=== GIVEN INFORMATION ===

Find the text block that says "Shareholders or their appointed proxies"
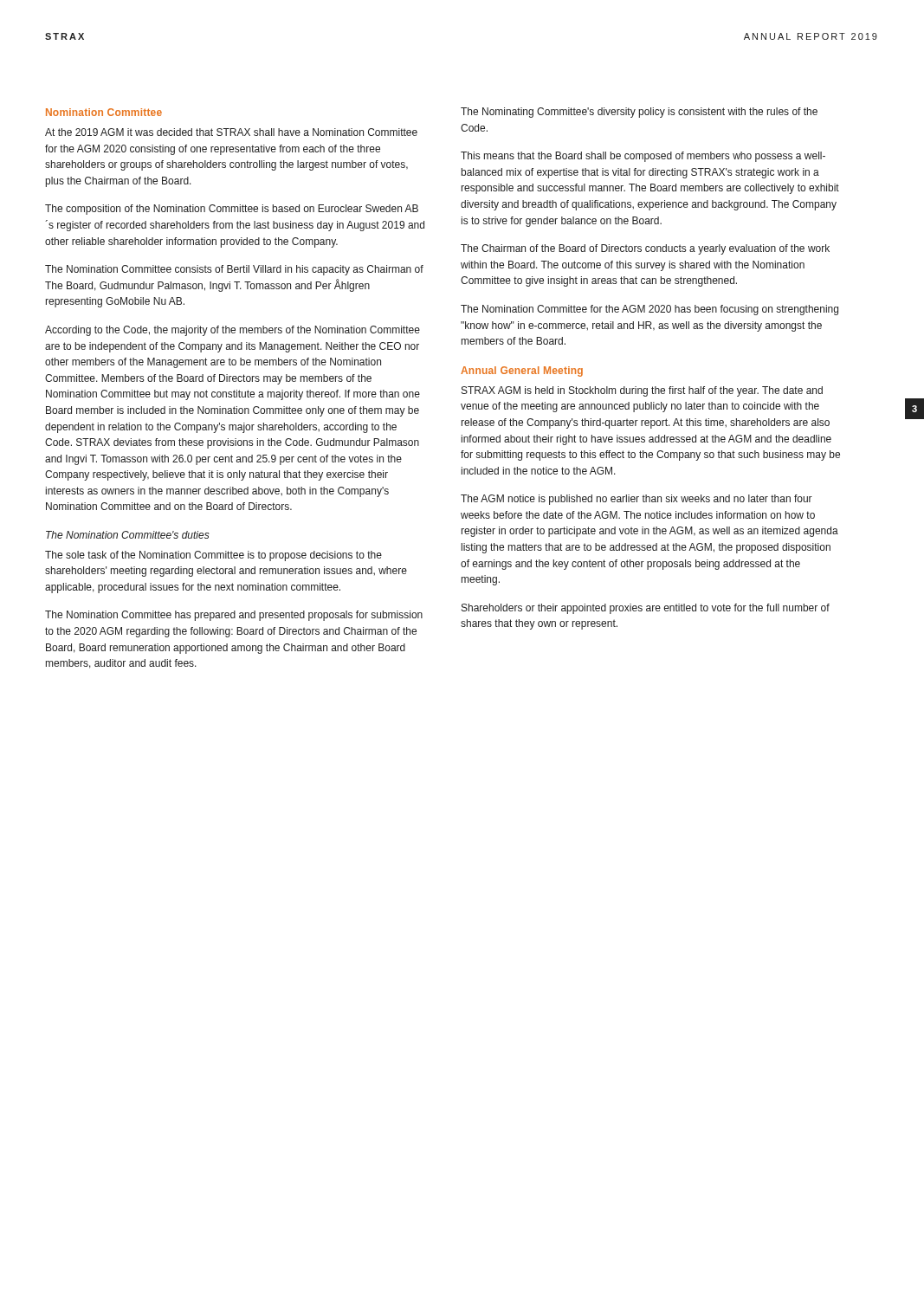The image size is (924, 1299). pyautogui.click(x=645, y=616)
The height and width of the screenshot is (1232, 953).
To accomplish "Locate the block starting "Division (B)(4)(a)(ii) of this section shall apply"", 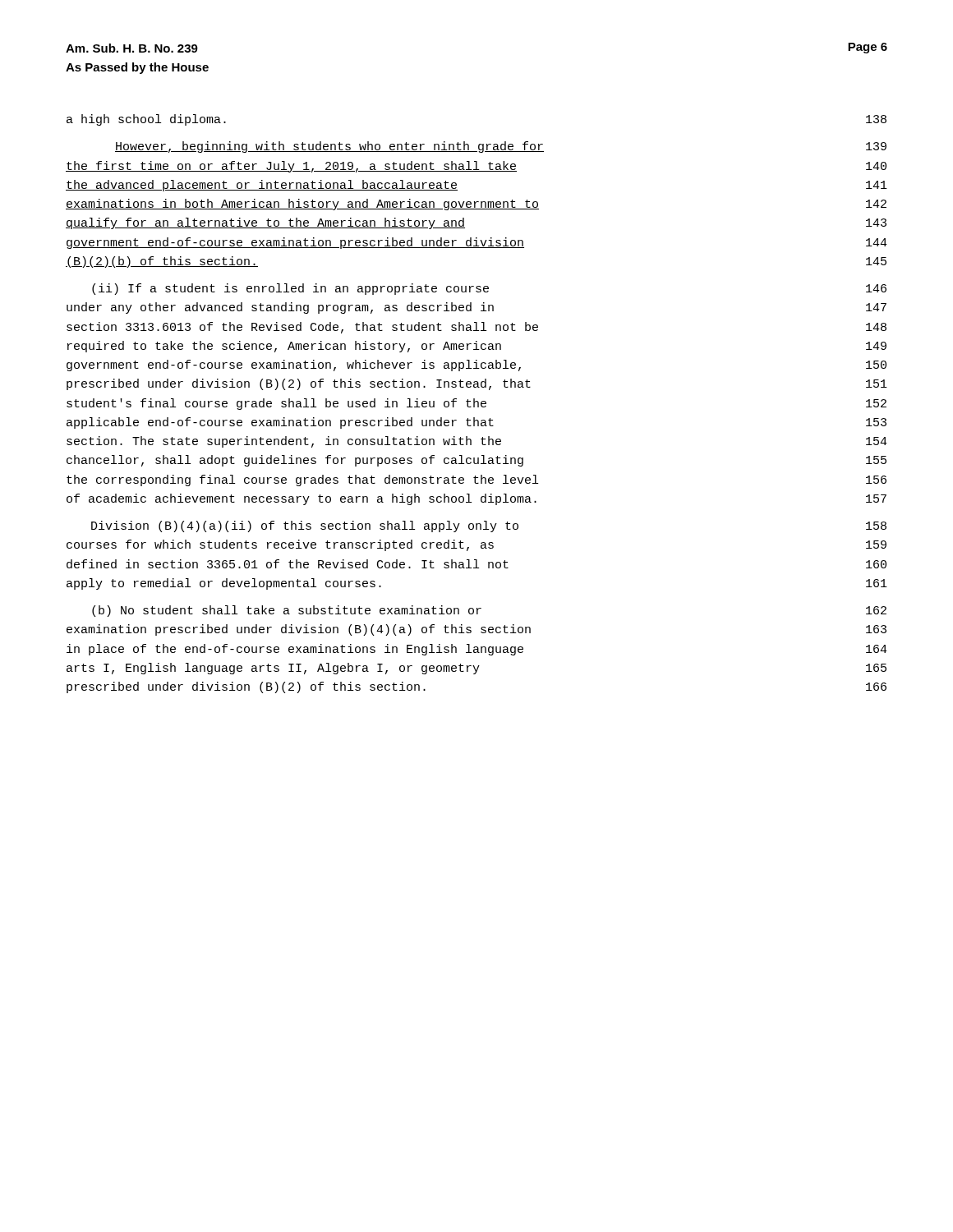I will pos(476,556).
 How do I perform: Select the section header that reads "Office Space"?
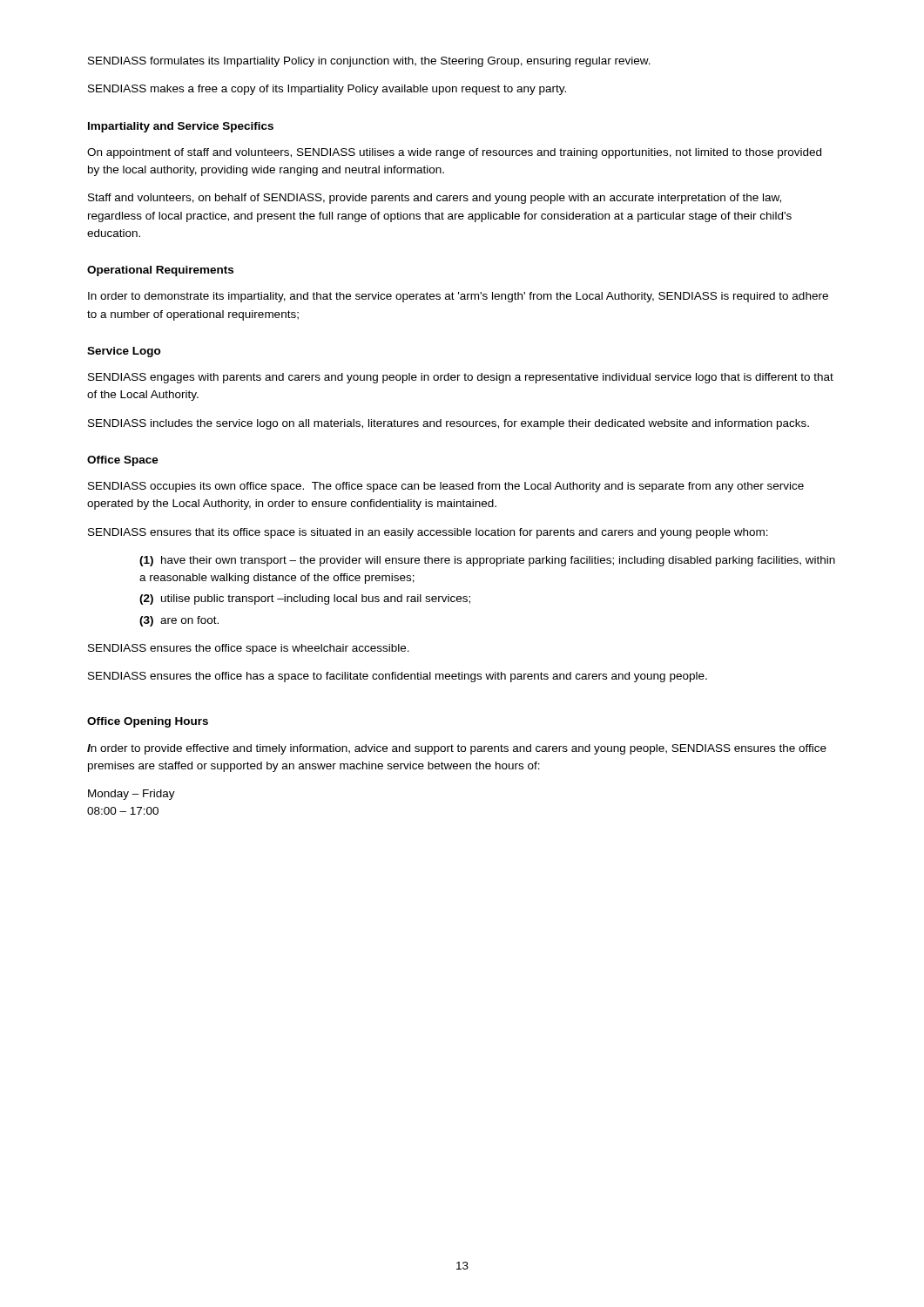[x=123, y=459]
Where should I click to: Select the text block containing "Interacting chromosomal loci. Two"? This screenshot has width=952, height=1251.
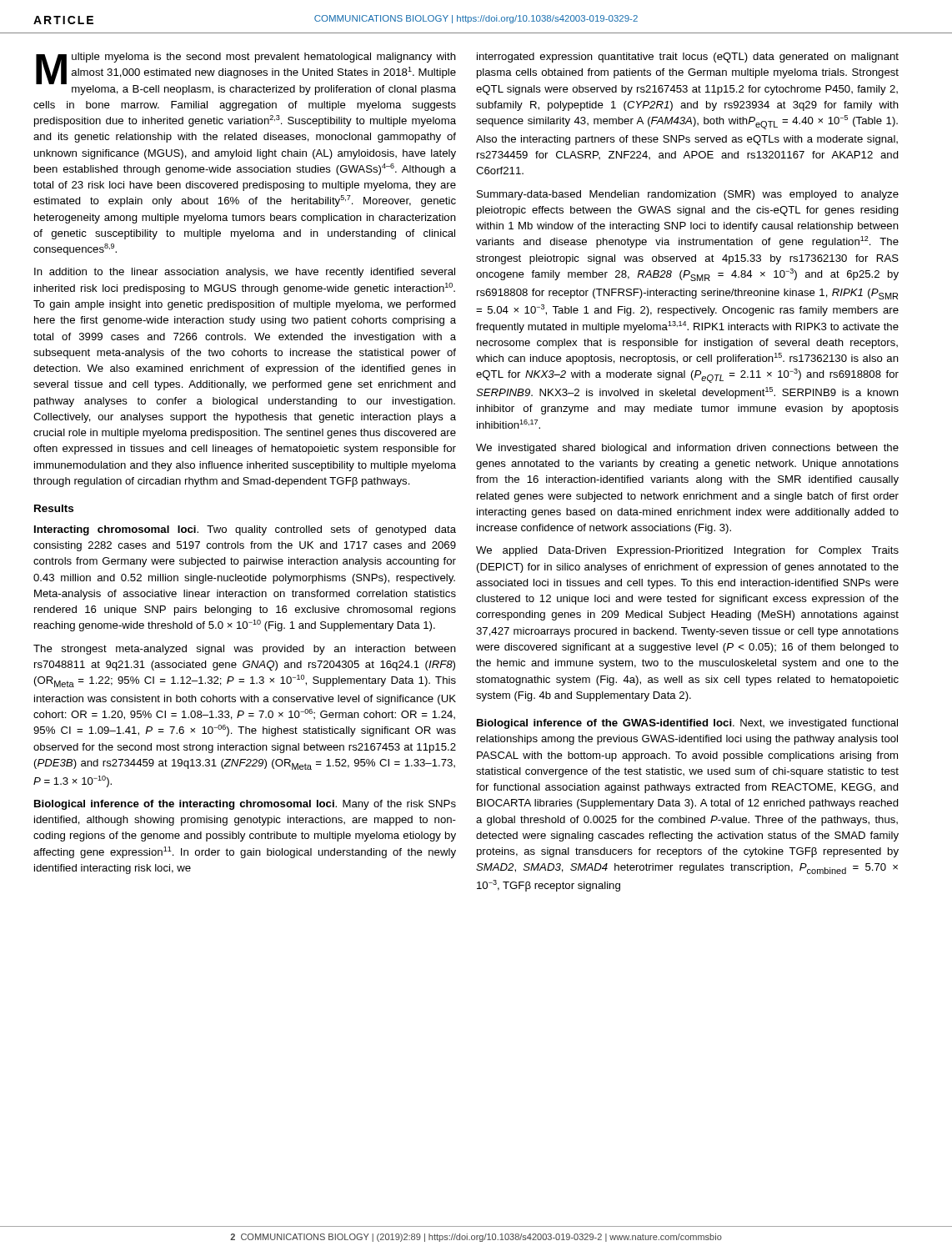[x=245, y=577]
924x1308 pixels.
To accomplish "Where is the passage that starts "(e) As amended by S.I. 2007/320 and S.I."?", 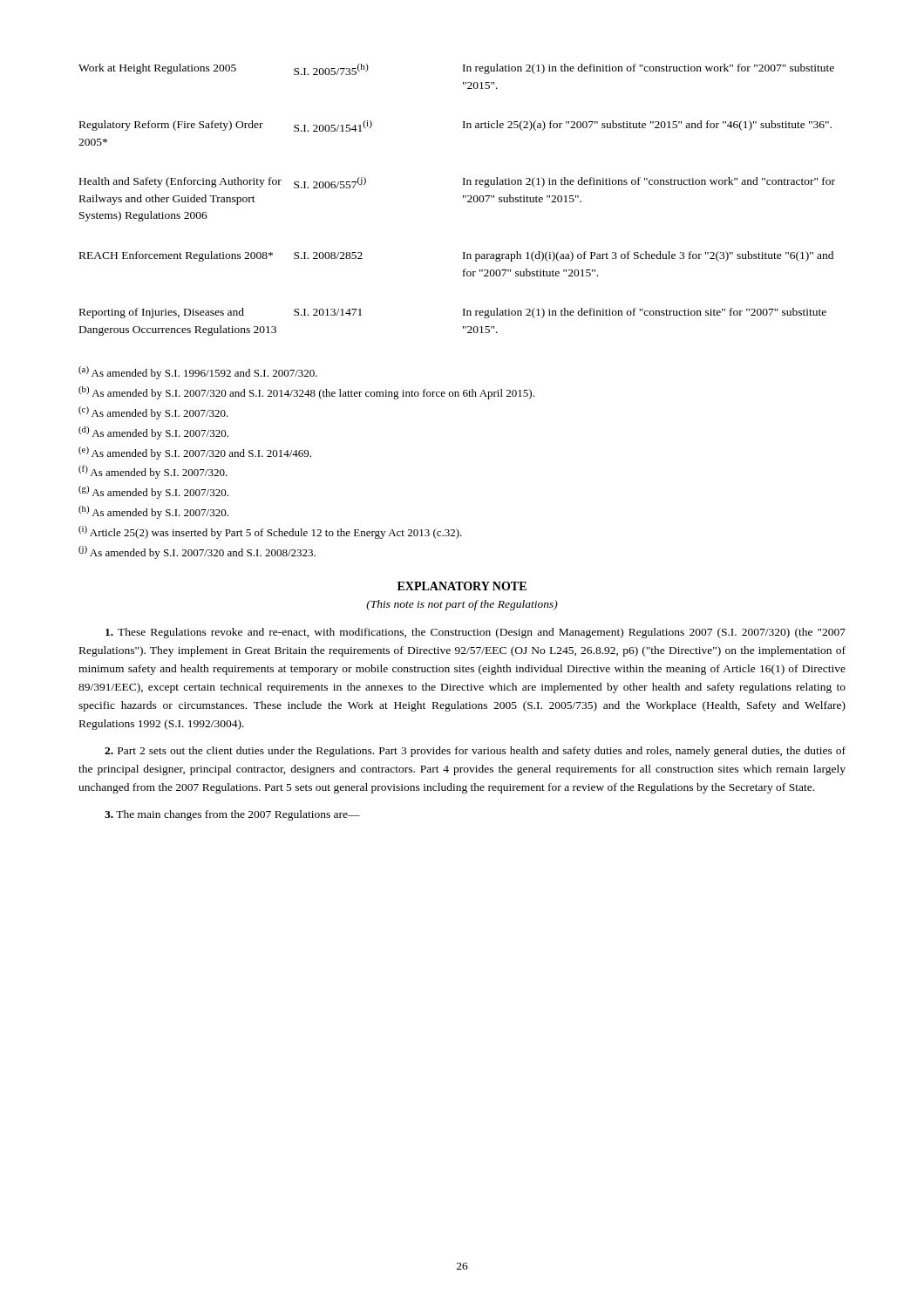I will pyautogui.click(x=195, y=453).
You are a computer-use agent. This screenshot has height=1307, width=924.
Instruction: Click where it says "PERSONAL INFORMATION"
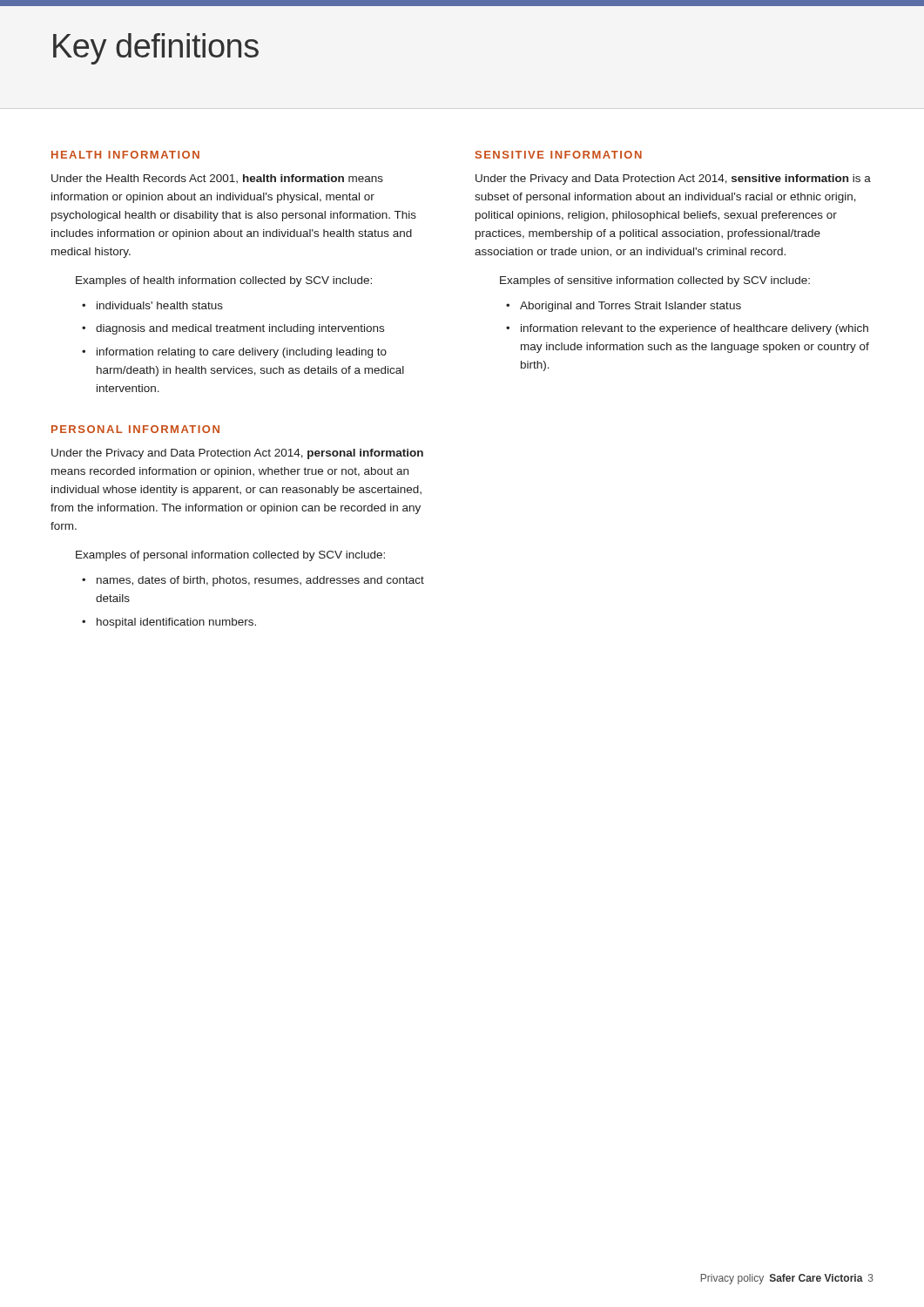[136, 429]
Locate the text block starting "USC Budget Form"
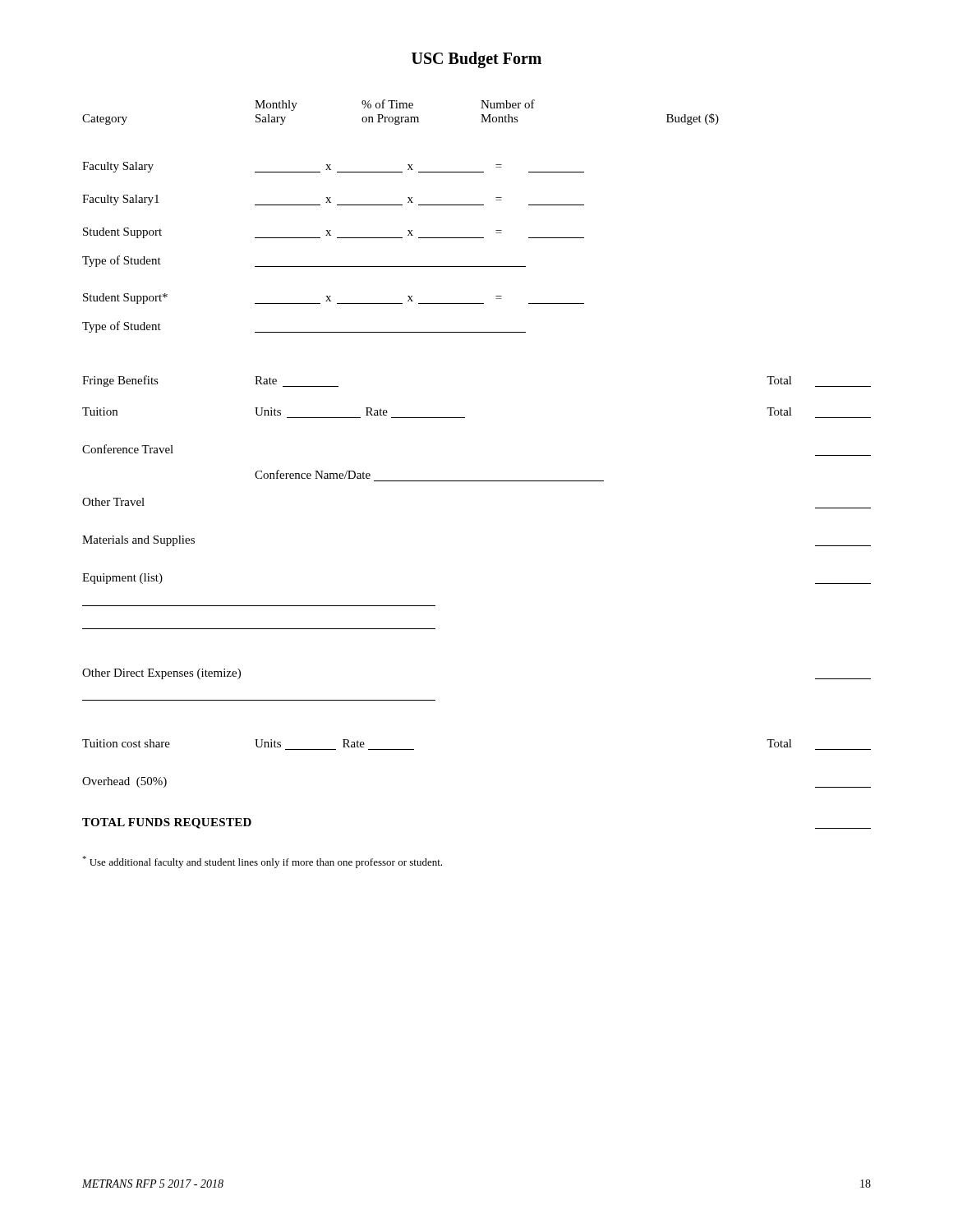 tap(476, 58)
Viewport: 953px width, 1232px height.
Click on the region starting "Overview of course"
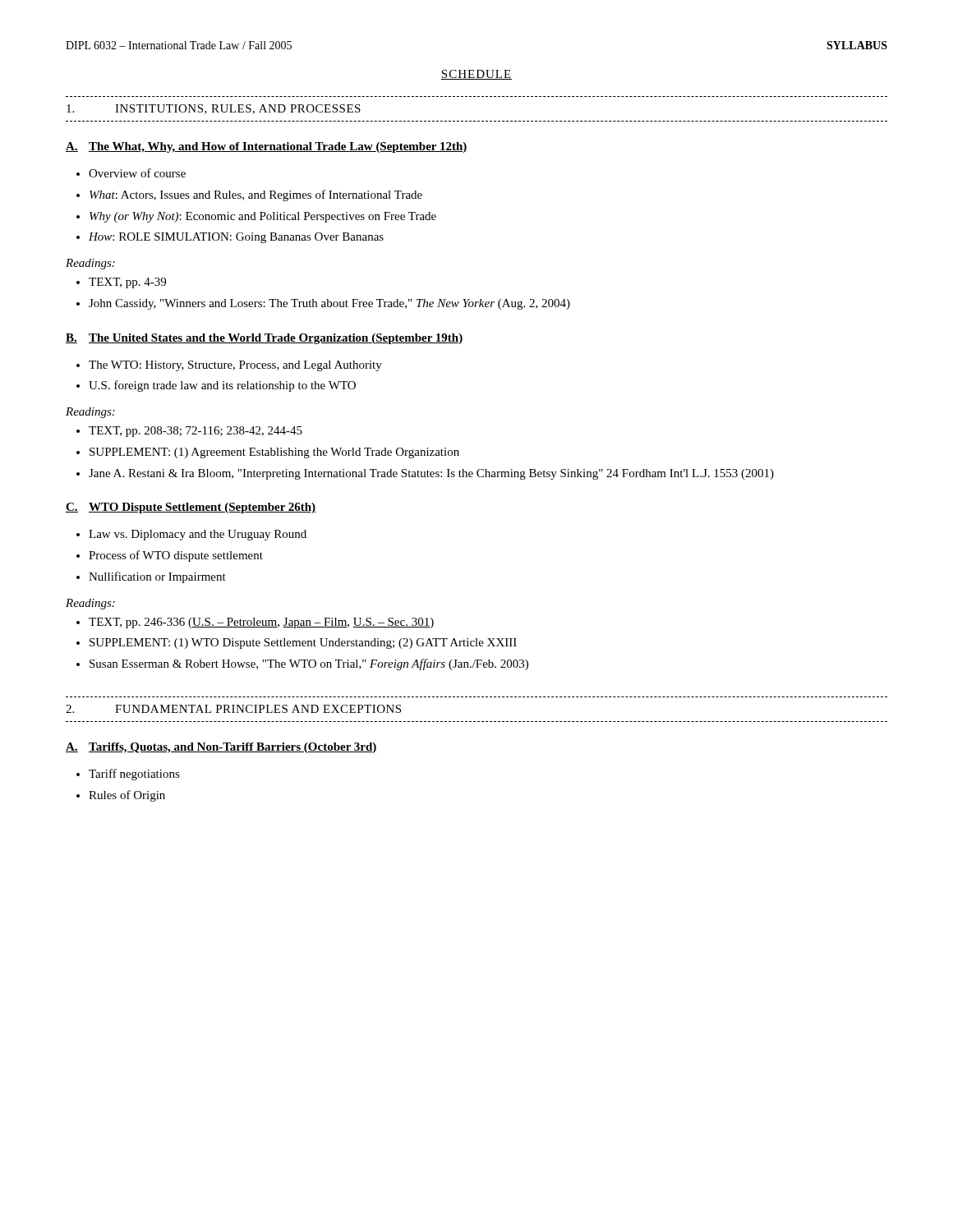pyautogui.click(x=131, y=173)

=== PROBLEM ===
Only the lines from the one containing "Click on the" through the last line of the data may appear in the answer, each given again exactly and with pictures left out.

=== RESULT OF THIS EXERCISE ===
Click on the region starting "Overview of course"
pyautogui.click(x=131, y=173)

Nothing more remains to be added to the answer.